I think the issue stems from weird body shape, exaggerated lordosis. Note the yellow line, which simply indicates that the saddle is overall level, but there is a dip in it’s middle.

Have a look at the torso on the left. Because the lower back is slightly swayed, more weight is shifted to the front of the saddle. Hence the perineum discomfort. (This is what I've deduced based on feeling and common sense. Perhaps I'm wrong?)

I have been working extremely hard in the past months to correct this and attain perfect posture. I’m making progress, but this is the kind of a thing that will not change quickly. On the bike, I make a conscious effort to always “rotate” my pelvis to the normal position. Again, this will only be fully possible once my lower back resumes a normal curvature.

Note: Obviously, I don’t sit up bolt upright on my bike. It was just easier to prepare the diagram this way.

My plan

1)	I can (and have) play around with the tilt of the saddle. But which way? Tilting it back will raise the front even higher. Tilting it forward on the other hand will make the front lower, but will make me slightly prone to sliding forward on the saddle, once again putting pressure in the undesired spot.

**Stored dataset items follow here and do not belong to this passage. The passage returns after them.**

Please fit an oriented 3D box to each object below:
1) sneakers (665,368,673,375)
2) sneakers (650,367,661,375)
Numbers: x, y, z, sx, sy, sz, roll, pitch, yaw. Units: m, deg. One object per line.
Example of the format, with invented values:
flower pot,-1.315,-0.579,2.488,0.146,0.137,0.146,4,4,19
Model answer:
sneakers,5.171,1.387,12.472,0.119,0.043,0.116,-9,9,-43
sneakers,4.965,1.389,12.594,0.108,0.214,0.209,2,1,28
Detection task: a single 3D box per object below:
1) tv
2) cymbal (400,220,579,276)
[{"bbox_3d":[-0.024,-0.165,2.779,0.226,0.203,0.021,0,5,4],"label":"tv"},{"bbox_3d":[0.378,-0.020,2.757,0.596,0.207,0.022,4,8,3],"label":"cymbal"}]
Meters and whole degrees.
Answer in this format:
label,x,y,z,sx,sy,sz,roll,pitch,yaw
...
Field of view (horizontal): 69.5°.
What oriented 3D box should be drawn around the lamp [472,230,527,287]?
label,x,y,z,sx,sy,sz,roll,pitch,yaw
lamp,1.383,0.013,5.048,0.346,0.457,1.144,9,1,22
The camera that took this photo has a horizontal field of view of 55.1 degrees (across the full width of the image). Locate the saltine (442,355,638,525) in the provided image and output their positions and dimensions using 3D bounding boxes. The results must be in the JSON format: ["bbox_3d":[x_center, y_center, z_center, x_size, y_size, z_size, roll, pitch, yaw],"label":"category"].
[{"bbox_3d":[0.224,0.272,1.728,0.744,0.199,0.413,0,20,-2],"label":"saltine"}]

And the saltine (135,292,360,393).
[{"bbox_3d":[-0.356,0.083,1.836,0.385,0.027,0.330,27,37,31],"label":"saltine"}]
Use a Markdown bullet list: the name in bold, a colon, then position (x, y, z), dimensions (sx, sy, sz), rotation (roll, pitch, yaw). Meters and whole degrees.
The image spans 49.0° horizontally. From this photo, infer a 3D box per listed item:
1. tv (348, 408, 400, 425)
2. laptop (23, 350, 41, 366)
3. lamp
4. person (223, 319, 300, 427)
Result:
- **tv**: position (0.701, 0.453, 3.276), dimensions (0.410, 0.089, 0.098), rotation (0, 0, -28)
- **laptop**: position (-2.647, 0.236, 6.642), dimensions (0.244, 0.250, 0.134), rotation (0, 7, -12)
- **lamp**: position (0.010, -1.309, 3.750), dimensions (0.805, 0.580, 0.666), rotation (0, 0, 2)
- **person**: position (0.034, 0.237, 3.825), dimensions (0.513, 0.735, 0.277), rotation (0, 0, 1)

2)	get a saddle without a dip in the middle, such as the Fizik Arione.

Any insight?


----------



## Cory (Jan 29, 2004)

*this is pure speculation, but...*

My first thought was "Tilt," but you've apparently already done that. Saddle preference is a really individual thing even among "normal" riders. I have a friend who's almost exactly my size and weight, same sleeve length and inseam, we can wear each other's clothes except his waist is about an inch smaller than mine. He won't ride anything but a Specialized Body Geometry saddle (the early cut-out model), while I had one and hated it so much I gave it away. I have Brooks B-17s on both road bikes, and he can't see how I can tolerate them.
Find a good bike shop and explain your problem (this is one reason you want to support your Local Bike Shop by not ordering absolutely everything off the Net, so they're there for stuff like this). Tell them you want to try some saddles and if they can find one that works, you'll buy it. Many shops will allow you to test ride. But if they do, you owe them--no more buying tubes from Nashbar to save 40 cents.


----------



## ARP (Mar 7, 2002)

*I would....*

Tilt nose up. With the nose high, it forces your hips to roll counterclockwise if looking at the diagram from the right side. This in turn puts your weight on the sit bones where it belongs. If you really want to get precise with the saddle tilt position, having an MTB micro/2 bolt adjust post helps.


----------



## mandovoodoo (Aug 27, 2005)

I find the saddles with cutouts much more comfortable. I'm riding a rock hard Specialized Alias 143 at the moment. Perfectly comfortable on rides. Never very comfortable, but never uncomfortable, either. I've had a couple of the Fizik saddles. Wonderful out to about 50 miles, then the grind starts. I figure I have a cutout style crotch! Hasn't always been this way. Had an incident with my large coonhound that led to testicle trouble (the tail tip can reach mach 4 apparently) and my saddles never worked right after that. 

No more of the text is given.